Lloyd was briefing media on how Gastonia, N.C. police had to gun down 41-year-old Patrick Burris when he shot a fellow officer.
Burris had shot and killed five people in the Gaffney area the previous week, just two months after being released from jail.
But the fact he was free despite his extensive crime record was no surprise to Pickens County Assistant Sheriff Tim Morgan.
For several years, Morgan has been saying the justice system is broken and needs to be fixed.
“It’s an overwhelmed system,” he said.
From law enforcement on the streets to the over-crowded jails that house the criminals, the need is far greater than what the system can handle.
And that leaves law enforcement frustrated because they keep arresting the same people over and over, only to see them back on the streets again, Morgan said.
The 30-year veteran also said it’s frustrating for the victims of crime when perpetrators are not adequately punished.
“If you break into one car, you might as well break into 12 because they’ll roll it up into one charge,” one juvenile offender recently told police.
Morgan said this often happens when someone is arrested on multiple charges.

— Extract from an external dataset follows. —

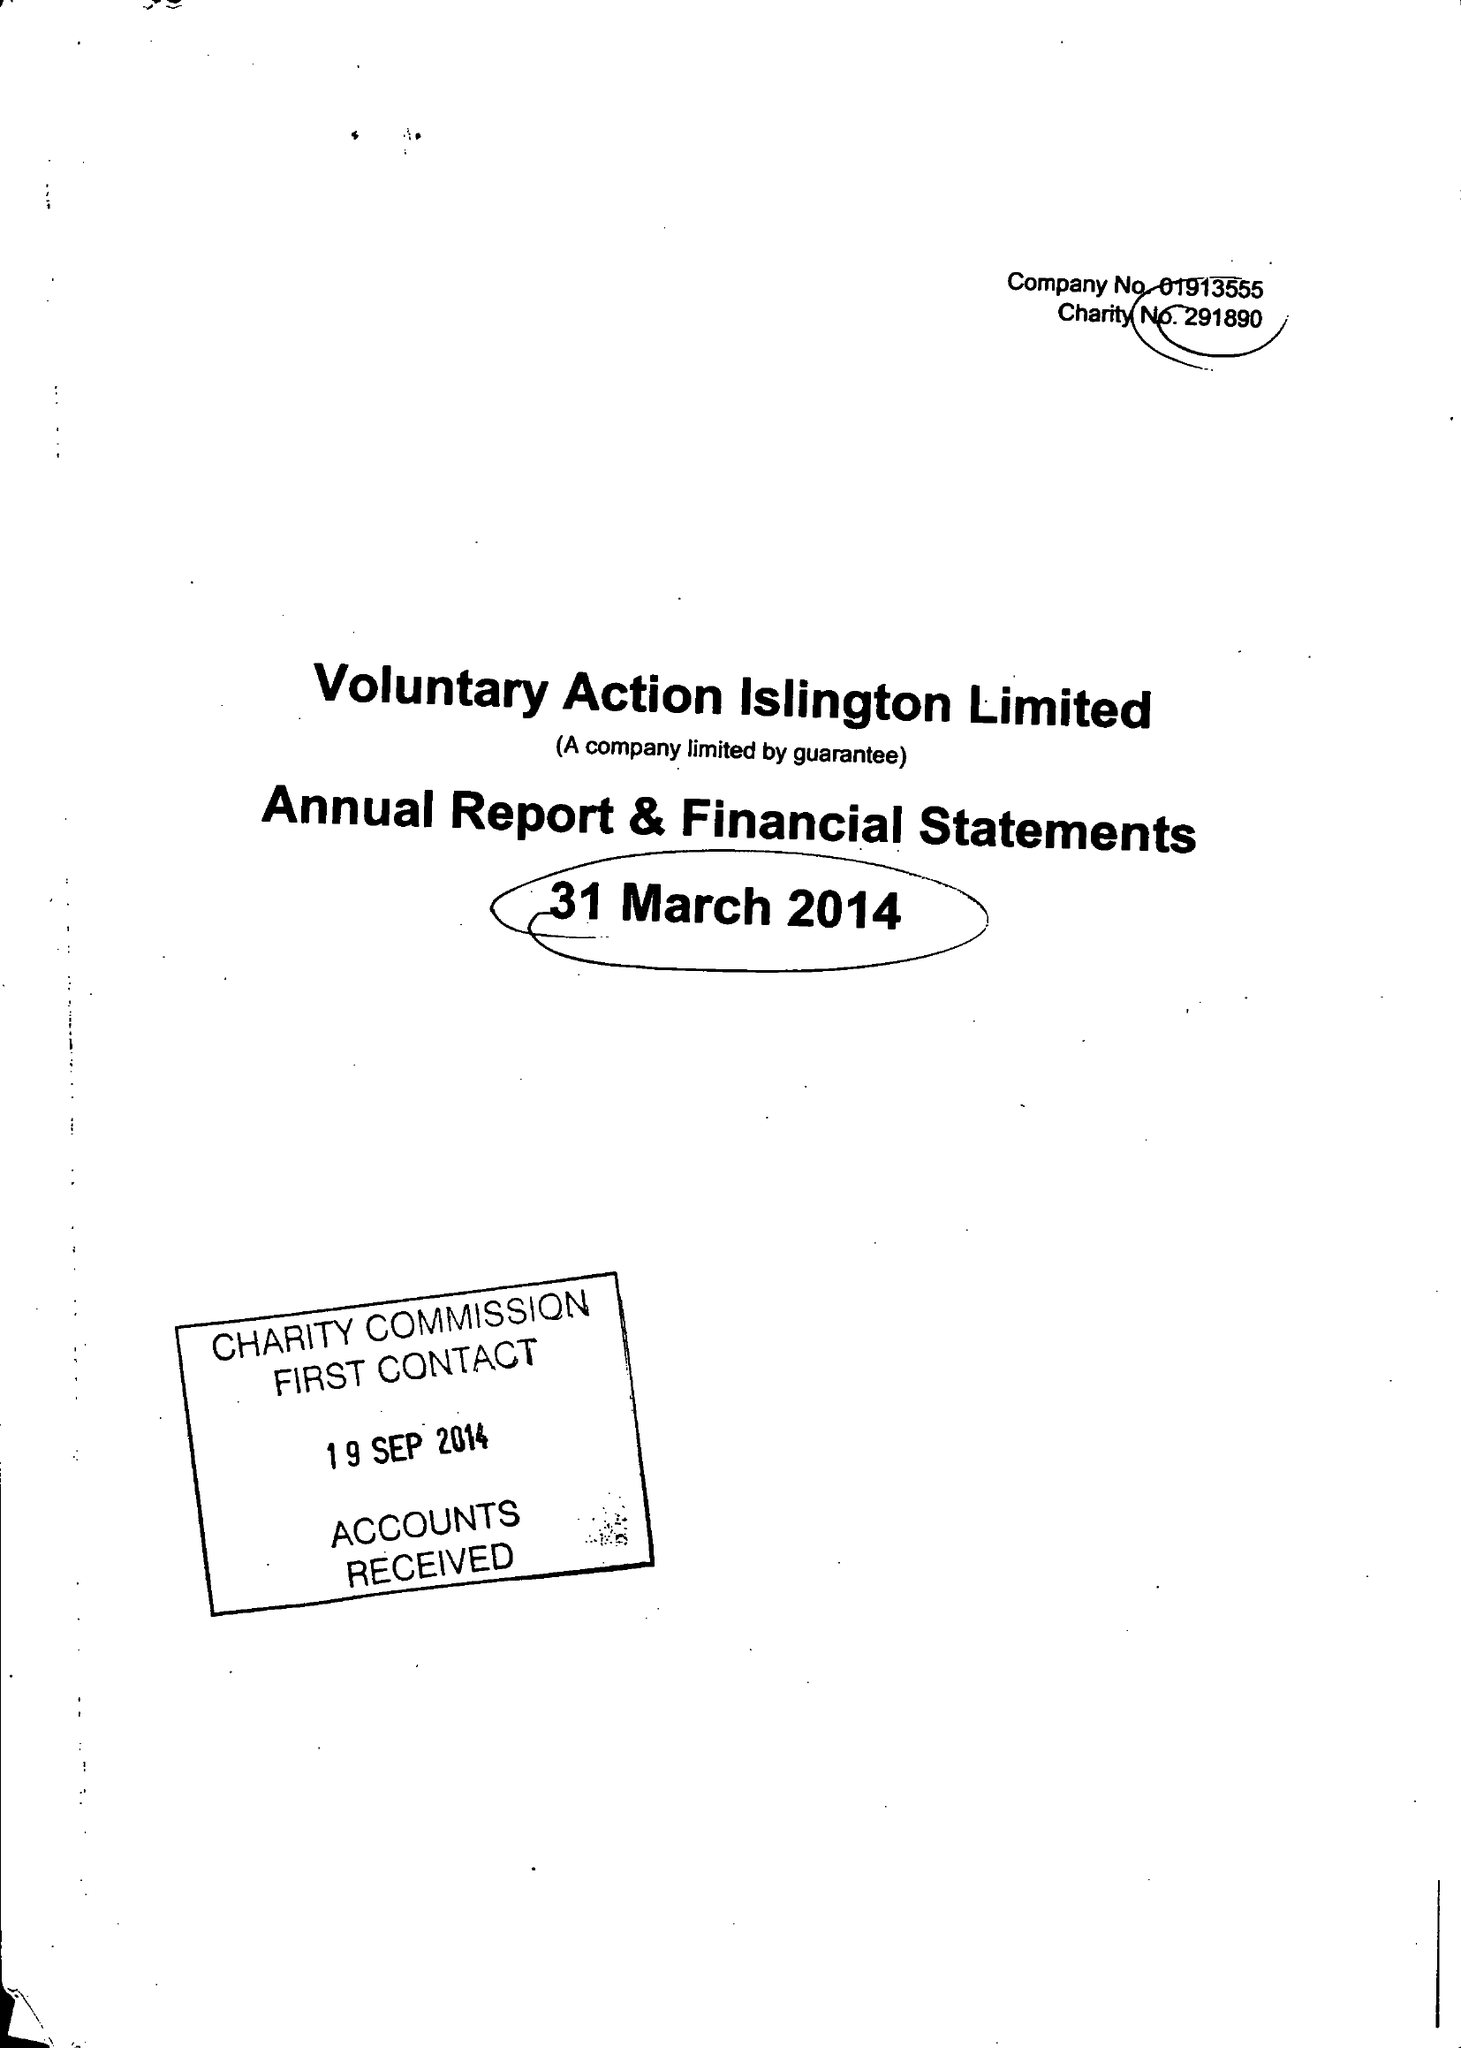What is the value for the address__street_line?
Answer the question using a single word or phrase. 200A PENTONVILLE ROAD

Because of the volume of cases coming through the solicitor’s office, Morgan said a lot of plea bargains are negotiated, and that offering probation, time served, and fewer charges makes it more attractive for a criminal to plead guilty.
But the end result is that the criminal isn’t sufficiently punished for the crime and goes right back to breaking the law, he said.
“We’re dealing with a lot of the same families,” he said. “For a lot of people, going to jail is not a big deal – it’s a right of passage.”
And since going to jail is not a threat to some, and because of plea bargains, many do not think the threat of punishment outweighs the risk of doing something wrong, Morgan said.
“There’s going to have to be more severe consequences,” he said.
Singapore was in the heart of the opium triangle, yet the country doesn’t have a drug problem, Morgan noted.
“That’s because if you commit a crime over there, they cane you,” he said. “And you will be executed if you traffic drugs.”
Morgan said he wasn’t suggesting that caning criminals here was the answer, but the punishments do need to be more severe.
“We’ve got to change people’s behavior patterns,” he said.
He said he doesn’t know the answer to the problem, but he thinks it will need to start with keeping our younger generation in school, providing them with job skills, and having a good job market for them.
The American justice system was created in the 1800s, but there’s no other system in this country that old that hasn’t been overhauled, Morgan said.
He said he hopes recent attention to the Gaffney serial murderer and his criminal history will bring the problem to the attention to legislators and those in charge of the judicial system.